Chile: Pension funds denounced to ILO for discrimination against women
Published on Mon, 2011-08-29 07:29
This week Chilean unions and social organizations made a report to the International Labour Organization (ILO) office in Santiago denouncing private sector pension funds for discrimination against women, a practice that had been documented in a study by the Centro de Estudios Nacionales de Desarrollo Alternativo (CENDA, the focal point of Social Watch in Chile).
Ana Bell, Vice-President of the National Association of Fiscal Employees, one of the organizations that made the denouncement, said, “When the pensions system was privatized in 1981, a scheme that amounts to serious discrimination against women went into operation. When women retire their pensions are 33% less than men who have worked the same number of years for the same pay.”
Guillermo Arthur, President of the Association of Pension Fund Administrators (AFP), argued that the reason women receive less was that they “last longer” (have greater life expectancy) so the funds have to cover more monthly payments. According to Paulina Cid, President of the Association of Women State Officials of the National Service for Women, this explanation is nothing but “barefaced arrogance". "It is shameful", because there are sectors of the population with varying life expectancies, but "only women suffer and only women are very severely discriminated against.”

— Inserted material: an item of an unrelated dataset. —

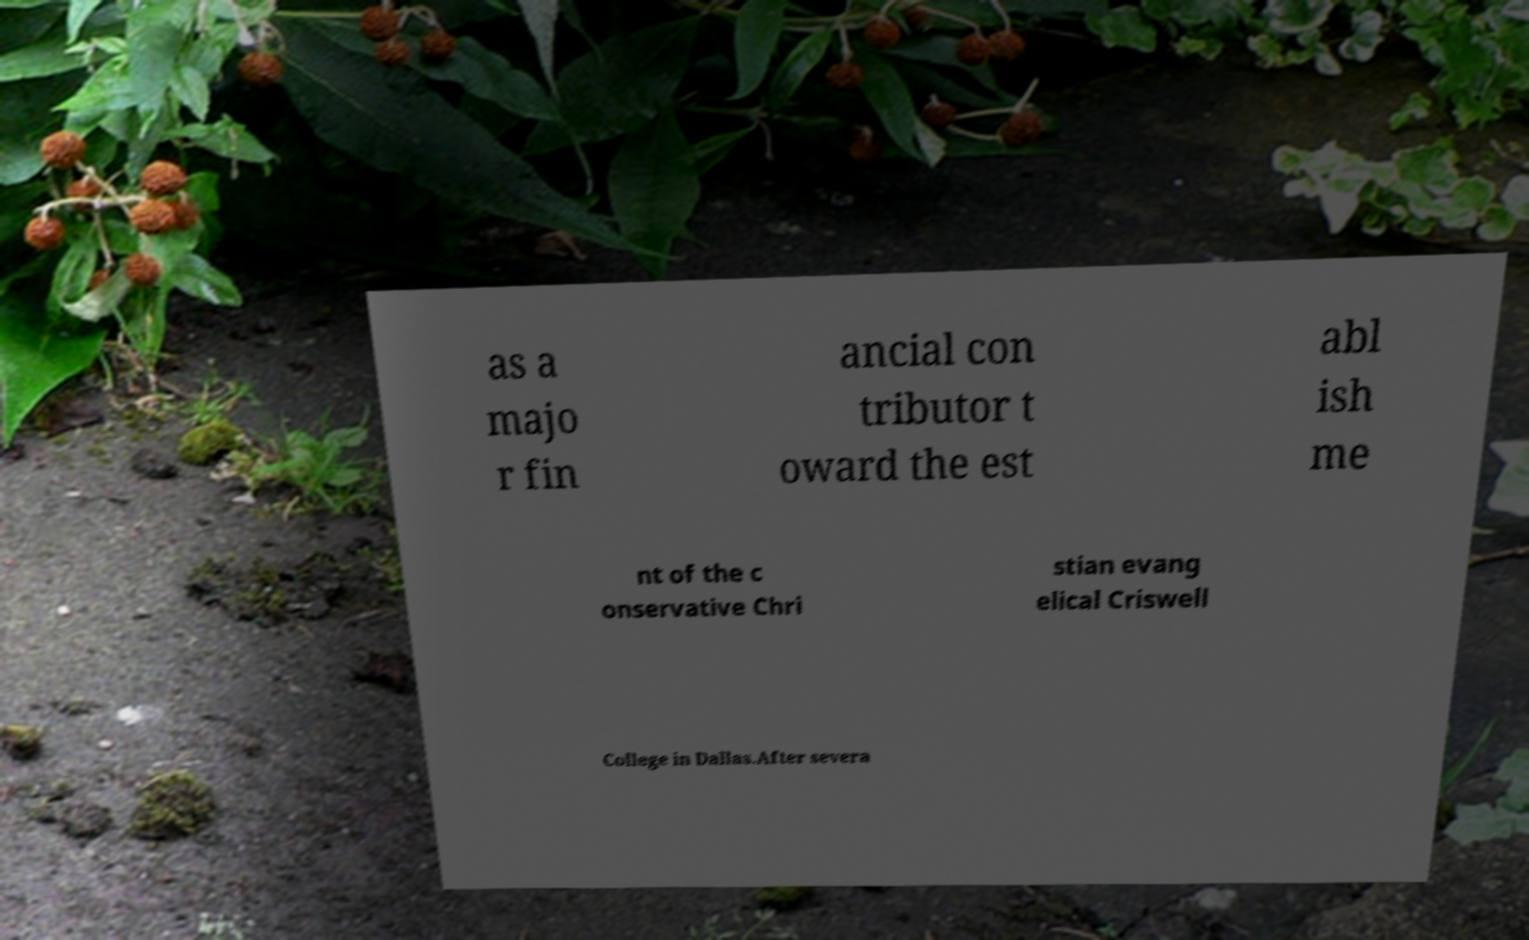There's text embedded in this image that I need extracted. Can you transcribe it verbatim? as a majo r fin ancial con tributor t oward the est abl ish me nt of the c onservative Chri stian evang elical Criswell College in Dallas.After severa

As Gonzalo Cid, a CENDA economist, explained, “Although women live longer than men, there are other factors that have much greater bearing on life expectancy. People with higher incomes live much longer than people on low incomes. These data are confirmed by the National Statistics Institute. The population of Las Condes (a rich district in Santiago) live an average of nine years more than people in (the poor southern municipality of) Osorno and eight years longer than people in La Pintana (a poor district in the capital city). But when pensions are calculated this aspect is not taken into consideration”,
This week’s denouncement also alludes to a Chilean Constitutional Court decision in the case of sex and age discrimination in health insurance, and a ruling last February by the European Court of Justice that prohibits insurance companies and other similar organizations from discriminating by gender.
According to Cid, “It is clear that the pensions system, working through the private sector pension funds, is paying benefits that are less than 40 percent of people’s average income in the periods before they retire. In other words, when people retire they are poor, and it is an unacceptable solution for people who retire to be impoverished. Not only that, but the present system does not resolve the matter of pensions because more than 60 percent of the population do not retire in the private sector pension fund system but with fixed life incomes”.
Last June two CENDA researchers, Manuel Riesco and Mireya Baltra, informed the Committee to Overcome Poverty of the Chamber of Deputies (Parliament) that men who retire in the new Chilean system, which is proclaimed as a model for all Latin America to follow, are today receiving payments 33 percent higher than those of women who have contributed the same amount.
Riesco reported that women who remained in the old system have the right to retire at 60 with the same life pension as a man of 65 if they had the same salary or wage and the same number of years of contributions, regardless of their marital status or number of dependents.
But today under the private pension fund system a single man of 65 receives one third more than a single woman of 60 who has accumulated the same amount of contributions. Even if she postpones her retirement until she is 65, the pension of a man who retires under the same conditions will be one sixth higher.